Thank you very much, Bormod. Let's go over to the summary of the quarter. We have had high activity, with a turnover of 7.8 billion, a operating profit of 406 million, which gives a operating margin of 5.2%, and a profit before tax of 398 million, which gives a profit margin of 5.1%. We have had an order entry of 7.7 billion kroner and an order reserve of 44.4 billion kroner. The board has received an additional exchange rate of 4 kroner per share in November. The sum of the development in the security performance combined with strong cash flow and margins above our margin requirement makes us very happy with this quarter. We will continue to work with what we have faith in and see work. We will continue to choose the right project, organize robustly, provide good project management combined with high professional competence and risk management, pay attention to the money, and last but not least, pay attention to our people. And with that, we conclude this presentation. And I ask Tormod and Anni, our financial director, to come up on stage. And then we are available for questions, as long as there are some of them.
Good morning, Bengt Jonasson, ABG. If I can start with a question about the cost of building, where you describe a real increase of 37% and 2% in Sweden, basically, due to some changes in customer needs, environmental energy requirements and other technical regulatory requirements. If you were to try to What is the most important? Is it the customer's needs or the regulatory requirements?
I think it is difficult to distinguish what has contributed the most. But we see that the requirements that have been set in TEKKEN and other such requirements is significantly different in Norway than in Sweden, because we operate in both countries. And we also see that the quality that we build in Norway, they have much higher architectural quality and standards in Norway than the slightly simpler homes that are built in Sweden. So I think it's a bit difficult, or we don't have exact numbers of what contributes the most, we don't.

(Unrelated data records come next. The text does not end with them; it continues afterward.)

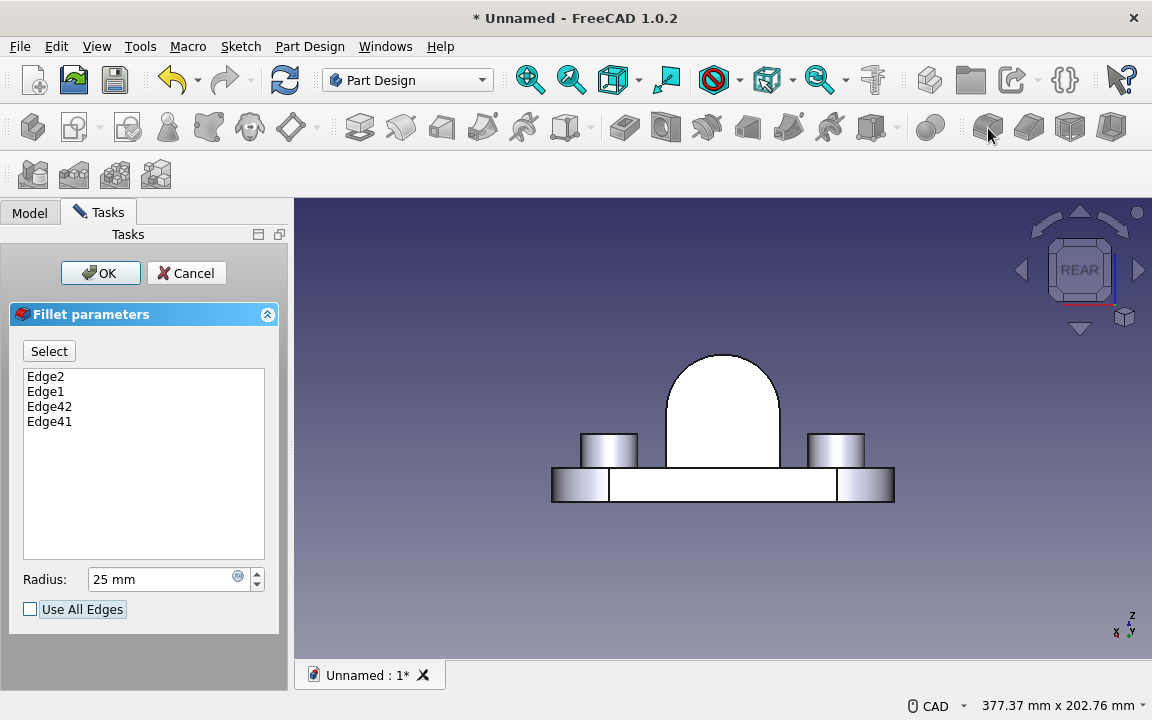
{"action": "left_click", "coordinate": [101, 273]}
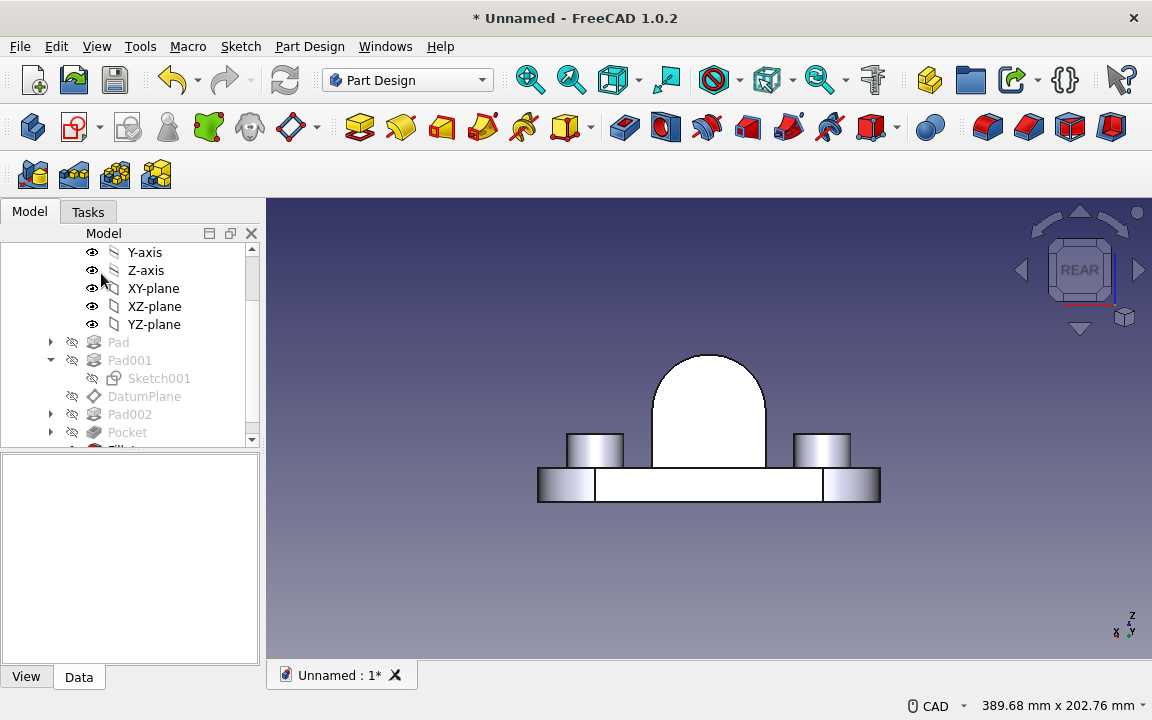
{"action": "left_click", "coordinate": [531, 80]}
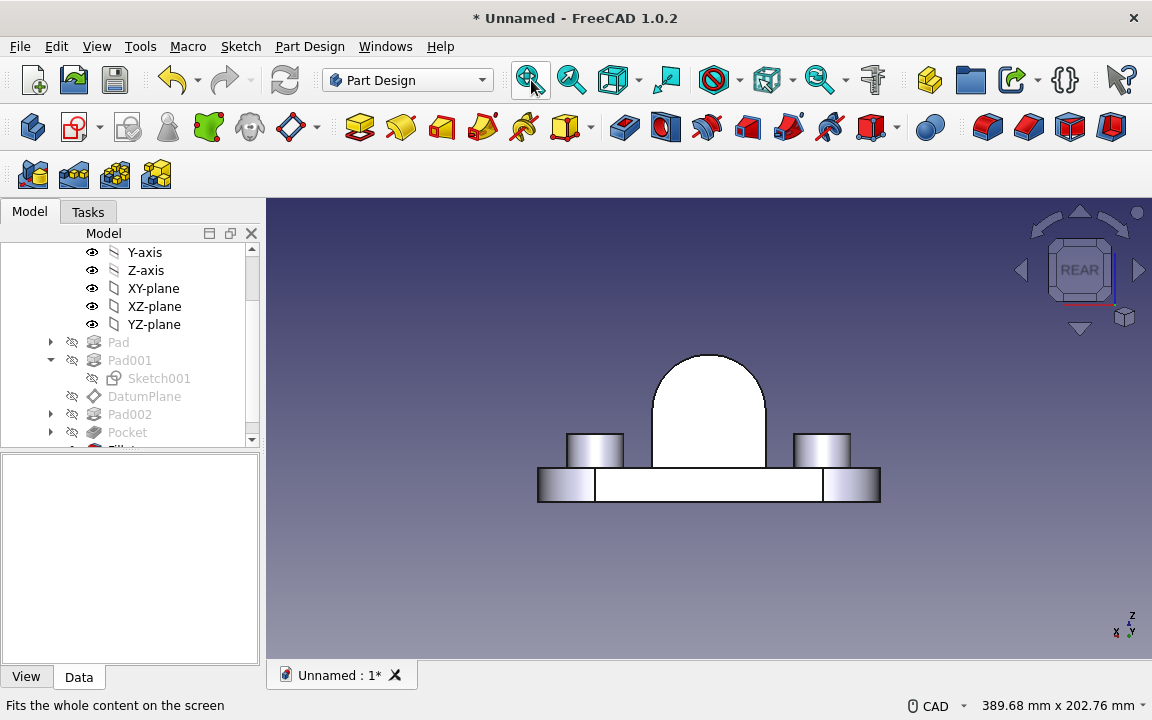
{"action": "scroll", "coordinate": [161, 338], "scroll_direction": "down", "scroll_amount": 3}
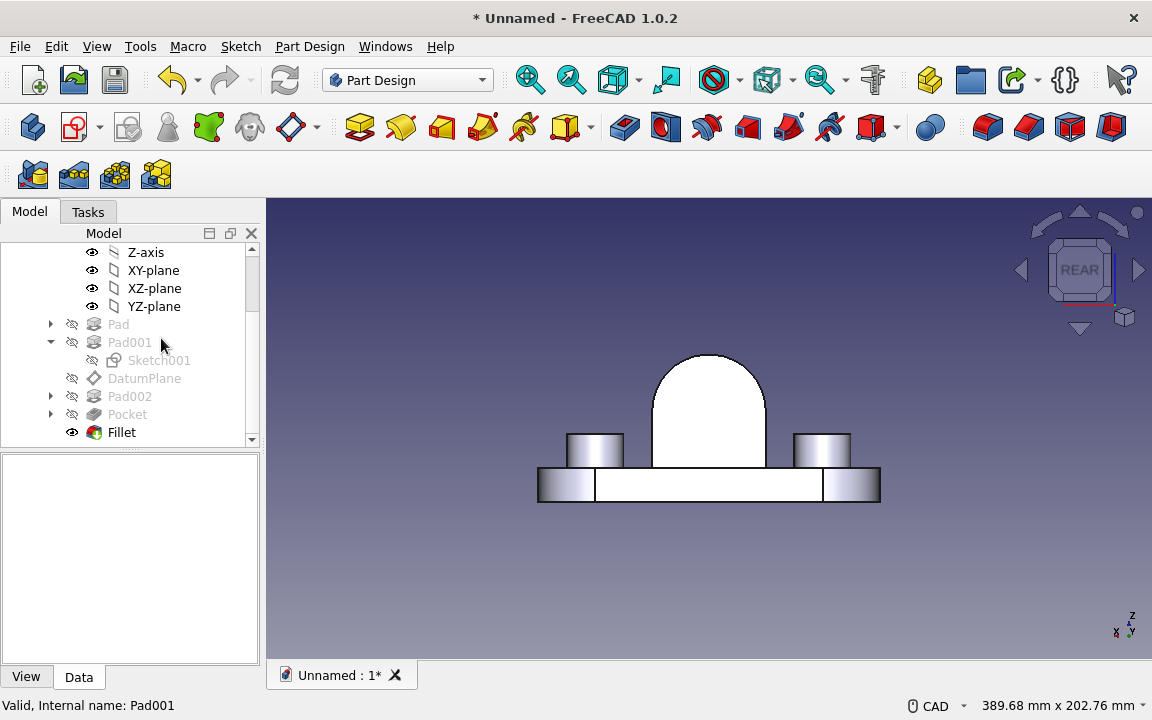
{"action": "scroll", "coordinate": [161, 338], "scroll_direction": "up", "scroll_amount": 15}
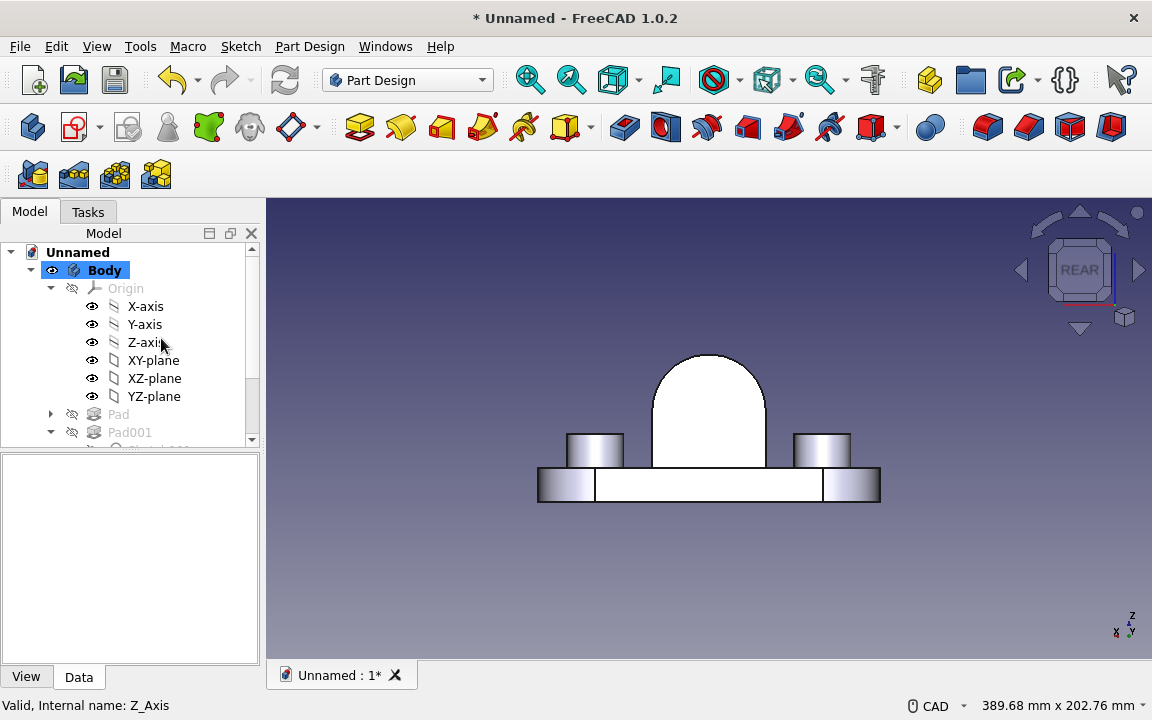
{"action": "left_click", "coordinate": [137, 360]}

A general question, if we were to describe a market now, compared to a year ago, maybe at the segment level, construction, construction and so on, do you think the market is changing? Is the image of an actor changing? Is the price pressure changing?
I would rather say that the activity level remains low in a number of segments. There may be some positive signals here and there, but we dare to talk about it in the medium term, because it is incredibly difficult to predict in the future.
If we were to play the question in another way, how do you experience the pipeline of things to count on? Is there something that stands out, or is it a little weaker now than it was, for example, when we started?
We have very high supply activity, and that is the public sector, and then there is power and defense, which are customer segments that have... which have the strength to carry out projects now. Now I'm talking very roughly and big lines.
On a segment level, we know that you have had a larger contract outside of offshore, which has loaded the account with a few hundred million over the last few years. Status on that now in relation to expected completion?
It is a project that we have informed about earlier. It was about a year before it sank, and we expect it to be completed over the next few quarters. We expect it to have a normal project risk-outfall per day, but there is still room for our projects, given the way we look at risk, which we have been talking about earlier.
So the completion in 2026 is what it says? It is over the next few quarters.
Other questions? Two digital questions.
Hi Dag Eide, shareholder. Short question to the right. What is the difference between exhaust-free and fossil-free? I understand that the difference is probably in the name, but what makes it such a big cost difference?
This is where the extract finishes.